Dataset extract =
------------------------
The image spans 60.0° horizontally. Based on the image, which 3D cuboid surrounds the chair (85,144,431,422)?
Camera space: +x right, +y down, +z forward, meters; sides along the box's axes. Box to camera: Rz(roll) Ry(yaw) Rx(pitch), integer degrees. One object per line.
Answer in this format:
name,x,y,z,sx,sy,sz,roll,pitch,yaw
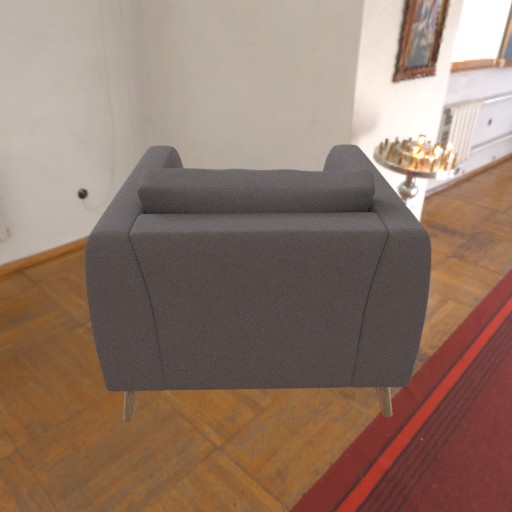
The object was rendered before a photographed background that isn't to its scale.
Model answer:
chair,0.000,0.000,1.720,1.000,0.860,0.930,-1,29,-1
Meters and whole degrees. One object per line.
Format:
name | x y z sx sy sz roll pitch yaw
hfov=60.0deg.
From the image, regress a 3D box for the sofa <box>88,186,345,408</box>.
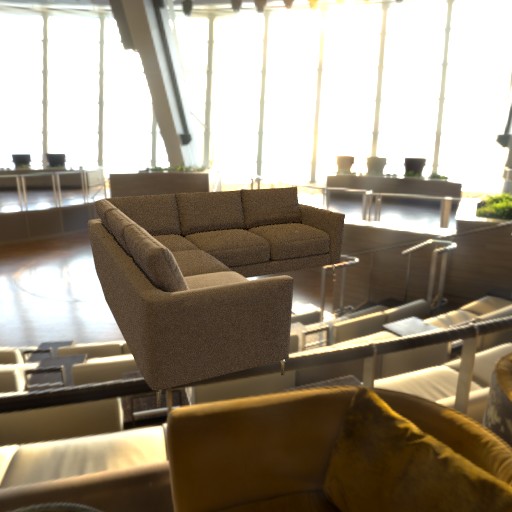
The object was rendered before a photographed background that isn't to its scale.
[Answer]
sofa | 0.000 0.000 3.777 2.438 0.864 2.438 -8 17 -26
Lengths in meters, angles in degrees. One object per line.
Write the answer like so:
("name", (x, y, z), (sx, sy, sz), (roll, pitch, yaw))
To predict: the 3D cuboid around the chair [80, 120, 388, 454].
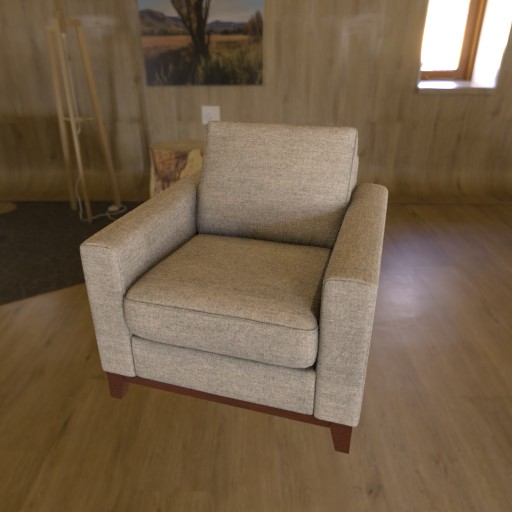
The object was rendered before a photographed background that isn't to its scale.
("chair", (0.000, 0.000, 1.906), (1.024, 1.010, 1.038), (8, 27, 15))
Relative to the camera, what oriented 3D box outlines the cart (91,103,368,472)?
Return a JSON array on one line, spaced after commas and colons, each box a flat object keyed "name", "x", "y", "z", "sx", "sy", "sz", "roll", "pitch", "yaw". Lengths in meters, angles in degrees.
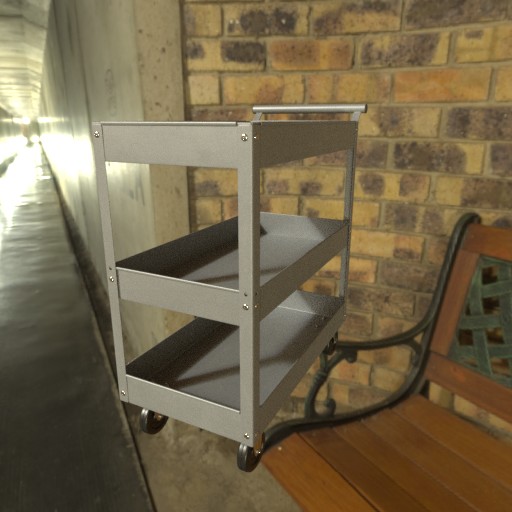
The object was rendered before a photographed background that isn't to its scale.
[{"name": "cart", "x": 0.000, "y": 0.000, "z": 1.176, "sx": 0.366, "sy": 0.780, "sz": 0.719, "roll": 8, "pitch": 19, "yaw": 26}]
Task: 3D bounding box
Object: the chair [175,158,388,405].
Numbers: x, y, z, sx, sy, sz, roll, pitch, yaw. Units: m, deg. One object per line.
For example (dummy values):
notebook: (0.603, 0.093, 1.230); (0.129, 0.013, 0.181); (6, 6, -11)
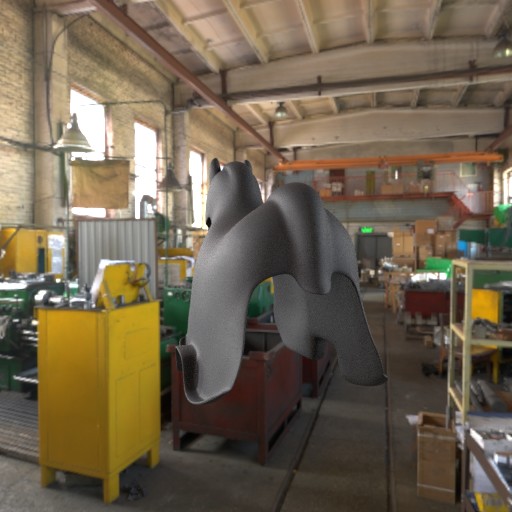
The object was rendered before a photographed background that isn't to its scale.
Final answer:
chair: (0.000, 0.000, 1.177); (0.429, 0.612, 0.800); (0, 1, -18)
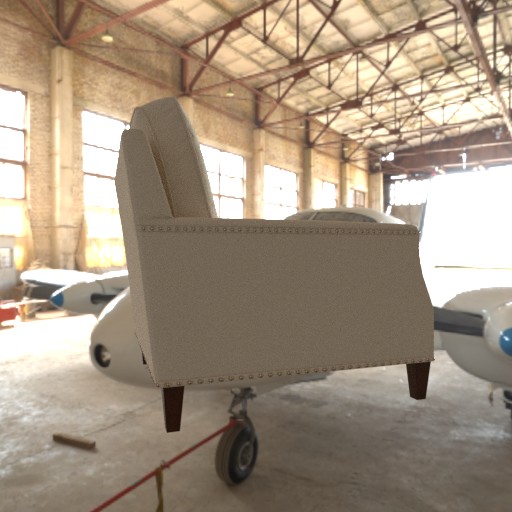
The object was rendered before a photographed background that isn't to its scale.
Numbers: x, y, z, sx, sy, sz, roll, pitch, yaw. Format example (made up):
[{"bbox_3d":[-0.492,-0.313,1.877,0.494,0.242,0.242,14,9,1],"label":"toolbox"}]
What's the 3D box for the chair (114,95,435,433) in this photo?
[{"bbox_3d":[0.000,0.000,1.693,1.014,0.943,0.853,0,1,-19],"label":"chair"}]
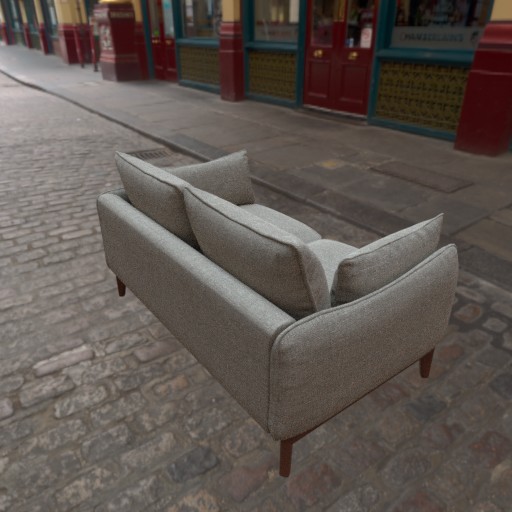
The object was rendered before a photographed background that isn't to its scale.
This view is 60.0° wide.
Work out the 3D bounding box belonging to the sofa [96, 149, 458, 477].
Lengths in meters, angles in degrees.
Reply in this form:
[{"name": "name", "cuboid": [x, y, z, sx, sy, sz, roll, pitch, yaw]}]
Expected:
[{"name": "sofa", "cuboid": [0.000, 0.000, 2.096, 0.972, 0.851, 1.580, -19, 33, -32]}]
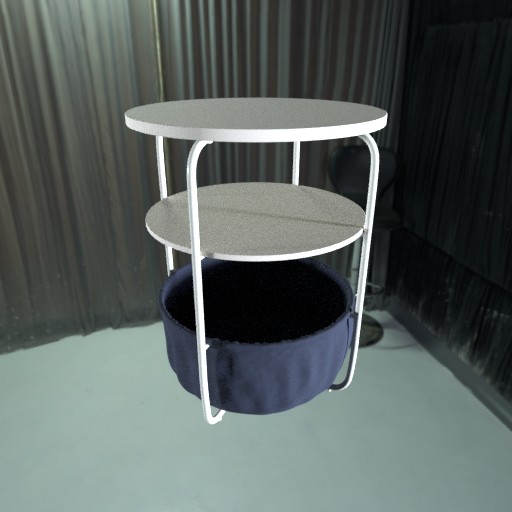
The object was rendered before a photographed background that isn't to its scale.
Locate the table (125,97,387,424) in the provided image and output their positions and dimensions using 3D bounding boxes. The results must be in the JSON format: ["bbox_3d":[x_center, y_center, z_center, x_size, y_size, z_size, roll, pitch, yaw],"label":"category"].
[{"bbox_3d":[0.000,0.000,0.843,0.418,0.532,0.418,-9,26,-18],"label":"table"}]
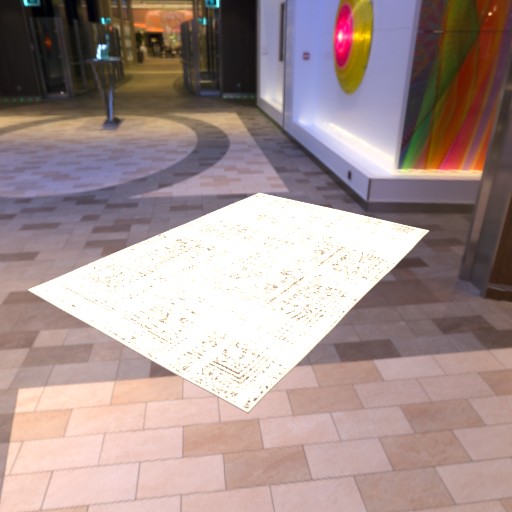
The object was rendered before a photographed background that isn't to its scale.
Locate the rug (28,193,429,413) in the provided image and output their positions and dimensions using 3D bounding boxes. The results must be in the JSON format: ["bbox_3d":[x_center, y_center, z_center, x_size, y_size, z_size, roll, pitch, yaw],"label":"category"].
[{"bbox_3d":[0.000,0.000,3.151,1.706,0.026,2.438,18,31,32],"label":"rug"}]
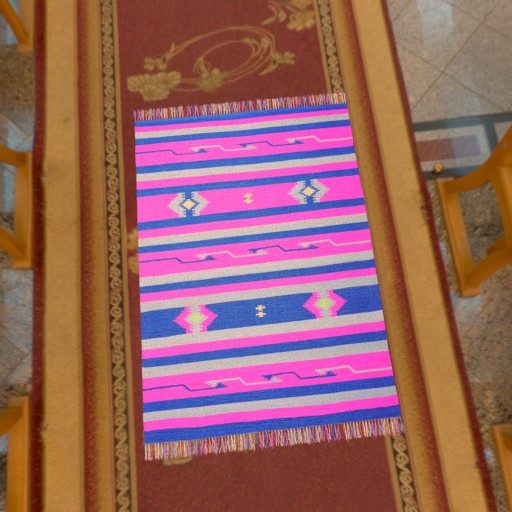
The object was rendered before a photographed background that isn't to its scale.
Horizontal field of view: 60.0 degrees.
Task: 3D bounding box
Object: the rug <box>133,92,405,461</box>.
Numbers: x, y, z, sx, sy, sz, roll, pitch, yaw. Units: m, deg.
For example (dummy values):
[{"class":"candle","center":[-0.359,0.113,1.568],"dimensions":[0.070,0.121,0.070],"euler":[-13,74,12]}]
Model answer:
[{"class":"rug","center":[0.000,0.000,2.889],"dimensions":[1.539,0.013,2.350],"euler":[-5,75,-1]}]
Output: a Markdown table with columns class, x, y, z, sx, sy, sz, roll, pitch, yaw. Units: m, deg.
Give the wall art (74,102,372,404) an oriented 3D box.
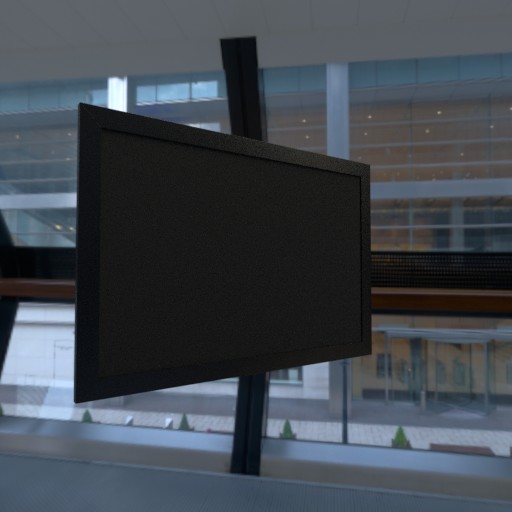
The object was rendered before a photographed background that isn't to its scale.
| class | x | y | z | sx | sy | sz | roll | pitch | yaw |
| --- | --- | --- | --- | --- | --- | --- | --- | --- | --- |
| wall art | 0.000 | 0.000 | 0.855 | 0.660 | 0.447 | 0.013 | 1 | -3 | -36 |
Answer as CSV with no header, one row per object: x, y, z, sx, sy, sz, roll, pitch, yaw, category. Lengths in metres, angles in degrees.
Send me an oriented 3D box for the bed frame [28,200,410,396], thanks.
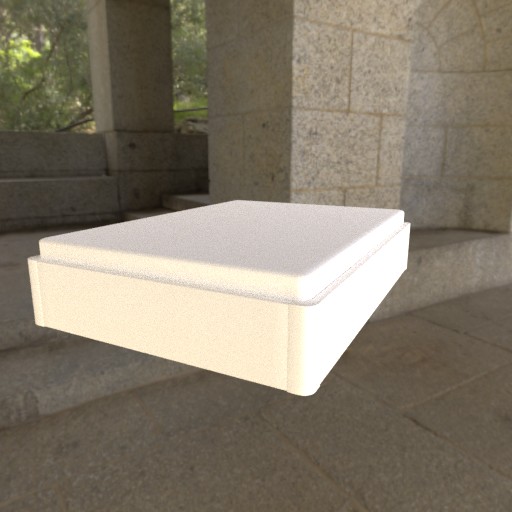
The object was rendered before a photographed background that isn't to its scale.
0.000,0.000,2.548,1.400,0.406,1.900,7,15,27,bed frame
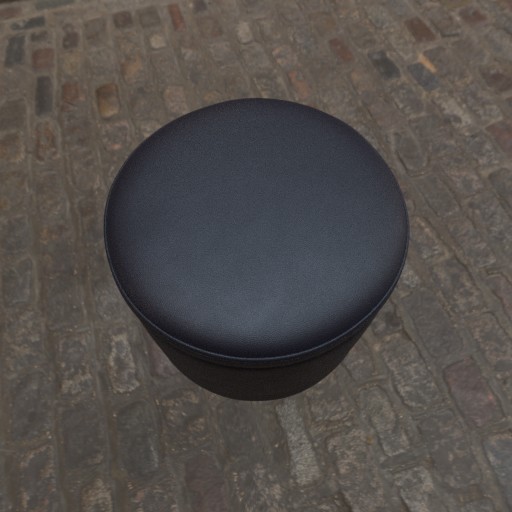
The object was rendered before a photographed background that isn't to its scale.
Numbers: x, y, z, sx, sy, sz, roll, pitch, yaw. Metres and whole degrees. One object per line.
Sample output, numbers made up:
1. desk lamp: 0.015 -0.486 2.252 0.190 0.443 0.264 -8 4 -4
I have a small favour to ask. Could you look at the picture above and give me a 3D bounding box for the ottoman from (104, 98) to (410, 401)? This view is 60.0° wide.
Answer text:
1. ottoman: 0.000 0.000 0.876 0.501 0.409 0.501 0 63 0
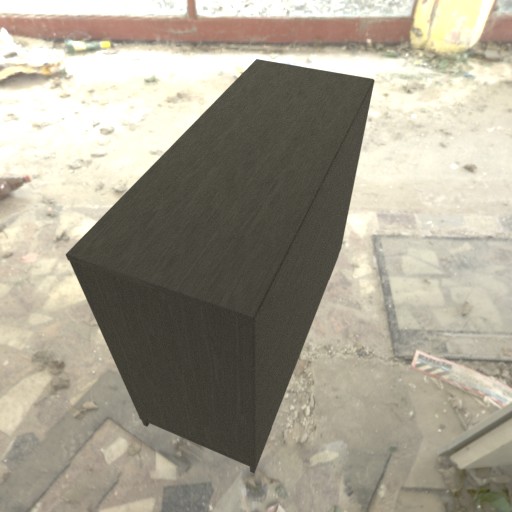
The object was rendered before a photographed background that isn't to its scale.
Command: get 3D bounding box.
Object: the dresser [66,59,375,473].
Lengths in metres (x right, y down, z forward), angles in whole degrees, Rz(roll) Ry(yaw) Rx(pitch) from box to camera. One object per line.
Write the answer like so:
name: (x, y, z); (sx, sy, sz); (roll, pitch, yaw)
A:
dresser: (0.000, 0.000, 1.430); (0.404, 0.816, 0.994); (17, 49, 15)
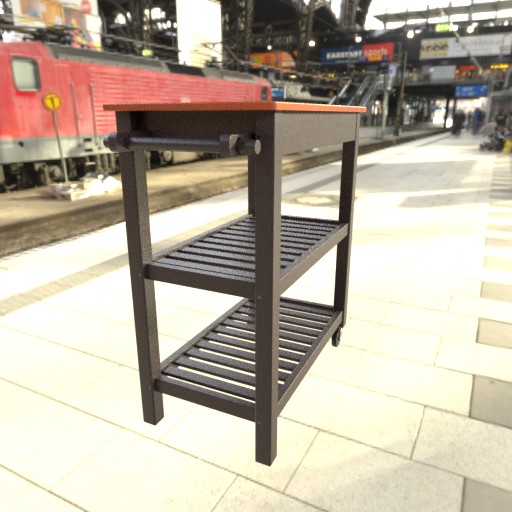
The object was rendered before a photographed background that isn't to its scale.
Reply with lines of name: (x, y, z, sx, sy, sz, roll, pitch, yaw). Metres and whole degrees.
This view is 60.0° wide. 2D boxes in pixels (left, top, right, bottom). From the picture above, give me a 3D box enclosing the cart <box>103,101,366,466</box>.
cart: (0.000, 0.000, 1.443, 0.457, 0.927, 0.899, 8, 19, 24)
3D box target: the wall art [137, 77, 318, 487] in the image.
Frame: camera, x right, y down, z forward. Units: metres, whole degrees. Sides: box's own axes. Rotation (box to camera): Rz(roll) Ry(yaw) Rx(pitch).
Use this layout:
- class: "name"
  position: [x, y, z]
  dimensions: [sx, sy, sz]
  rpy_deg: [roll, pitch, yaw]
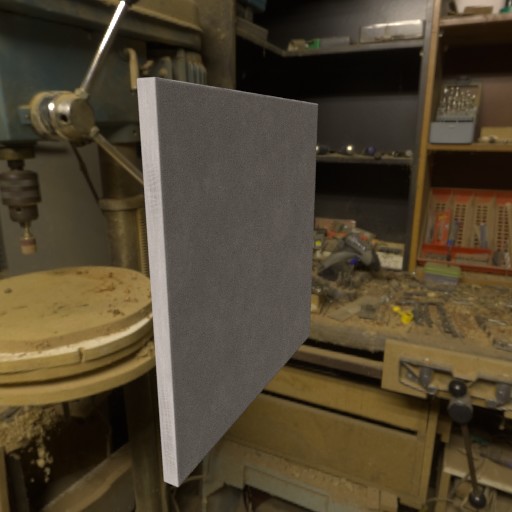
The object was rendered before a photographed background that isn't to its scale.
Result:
------------------------
Exercise instructions =
In the records above, find every line with the word "axes" and copy it.

Reply =
Camera space: +x right, +y down, +z forward, meters; sides along the box's axes. Box to camera: Rz(roll) Ry(yaw) Rx(pitch), integer degrees. One object per line.
Frame: camera, x right, y down, z forward. Units: metres, whole degrees. Sides: box's own axes. Rotation (box to camera): Rz(roll) Ry(yaw) Rx(pitch).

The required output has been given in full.